Supreme Court of California
Jun 7, 1916
158 P. 177 (Cal. 1916)

Opinion

L. A. No. 3556. In Bank.

June 7, 1916.

APPEAL from a judgment of the Superior Court of Los Angeles County, and from an order denying a new trial. Walter Bordwell, Judge.

The facts are stated in the opinion of the court.

J.W. McKinley, Frank Karr, W.R. Millar, and E.J. Foulds, for Appellants.

U.S. Webb, Attorney-General, A.L. Stephens, City Attorney of Los Angeles, A.P. Fleming, L.R. Hewitt, and Anderson Anderson, for Respondent.


The defendants appeal from the judgment and from an order denying their motion for new trial.
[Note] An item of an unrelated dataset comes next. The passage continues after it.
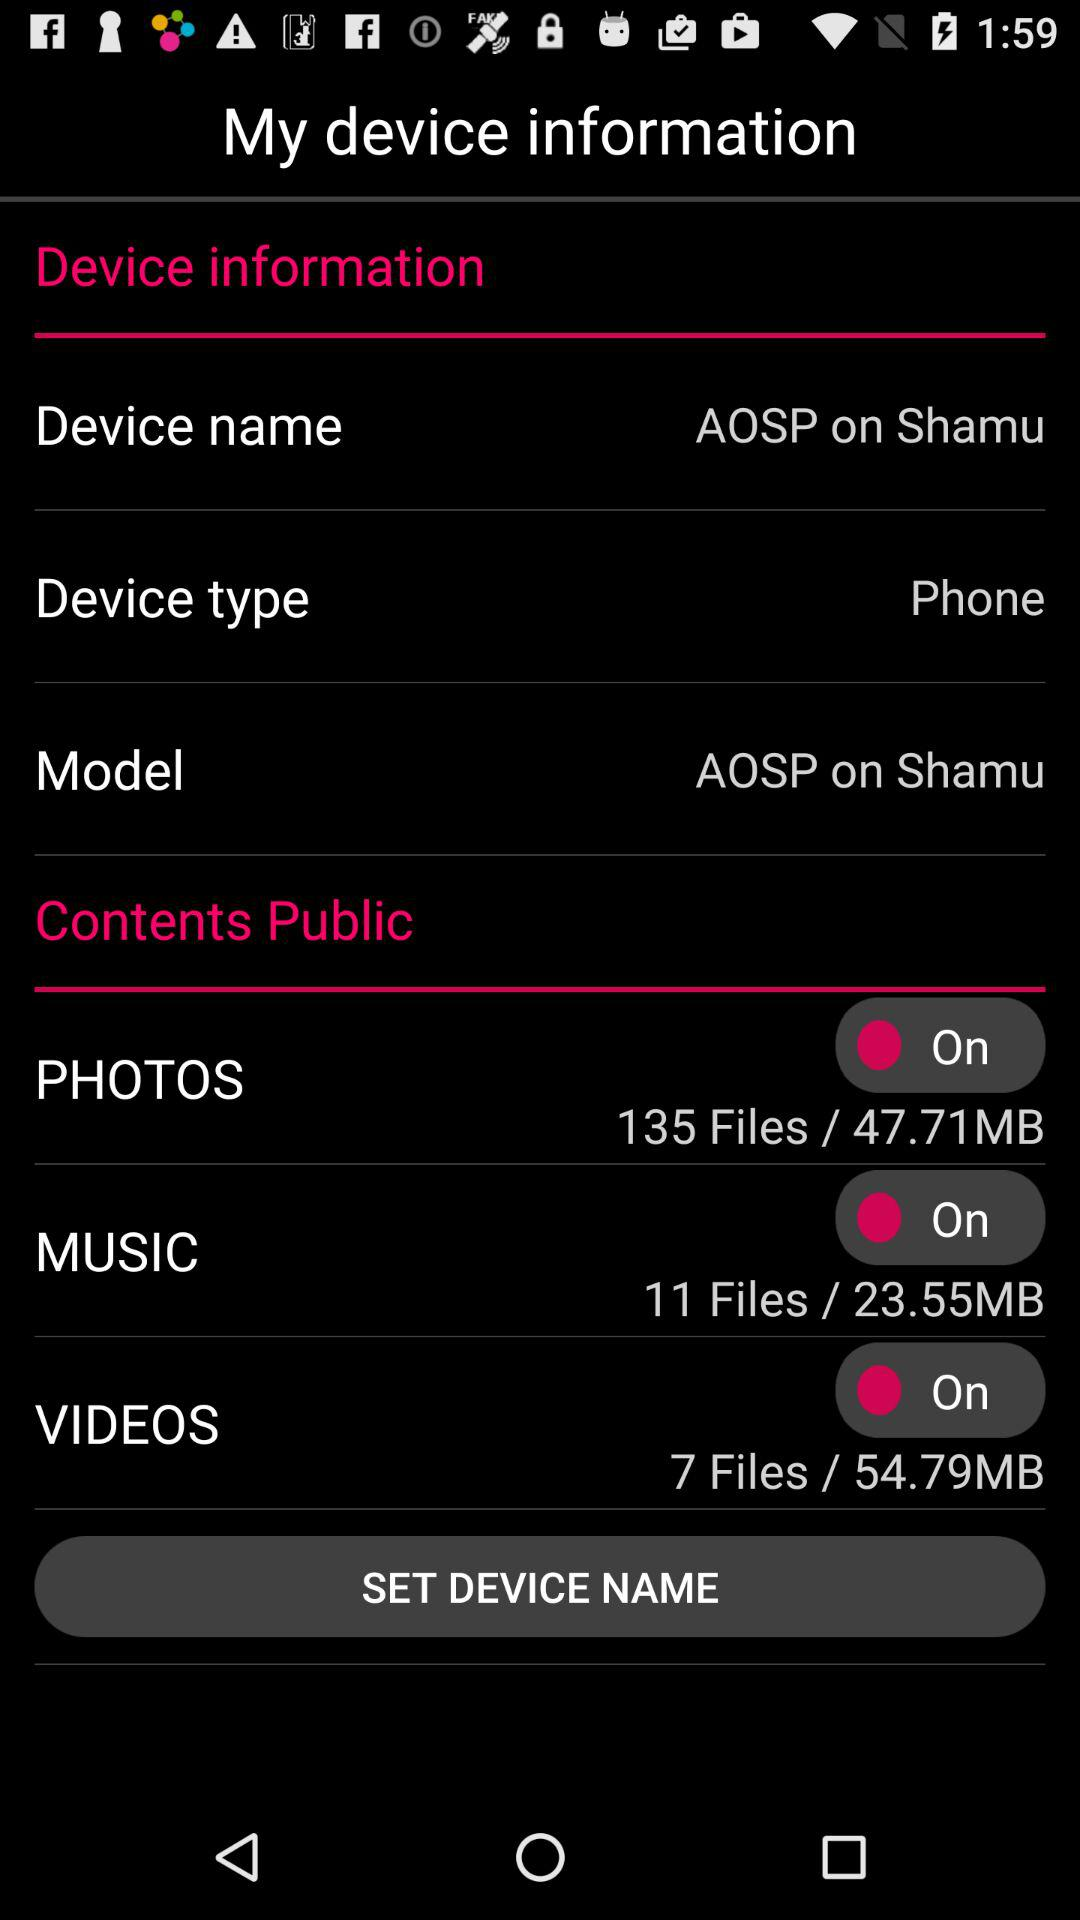How many megabytes are used by music? There are 23.55 megabytes used by the music.

By sections 474 and 475 of the Civil Code the state has made a grant running to every railroad corporation of a right of way for the location, construction, and maintenance of its railroad, and every necessary adjunct thereof, over any "swamp, overflowed, or other public lands of the state not otherwise disposed of or in use," not exceeding 200 feet in width, and "not within three miles of any incorporated town or city." In view of the language of subdivision 5 of section 465, empowering every railroad corporation to construct its road over any roadstead or bay, the grant in section 474 must be construed to include tide and submerged lands by the term "public lands." By section 478 provision is made for the selection by any railroad of the location of such right of way, for the approval thereof by the surveyor-general, and for the issuance by him to the railroad company of a permit to use the land selected for the uses claimed or desired. Section 477 provides that if, after selecting such right of way and receiving a permit therefor, a railroad corporation shall abandon the use of the lands selected, the same shall revert to the state free from all such uses.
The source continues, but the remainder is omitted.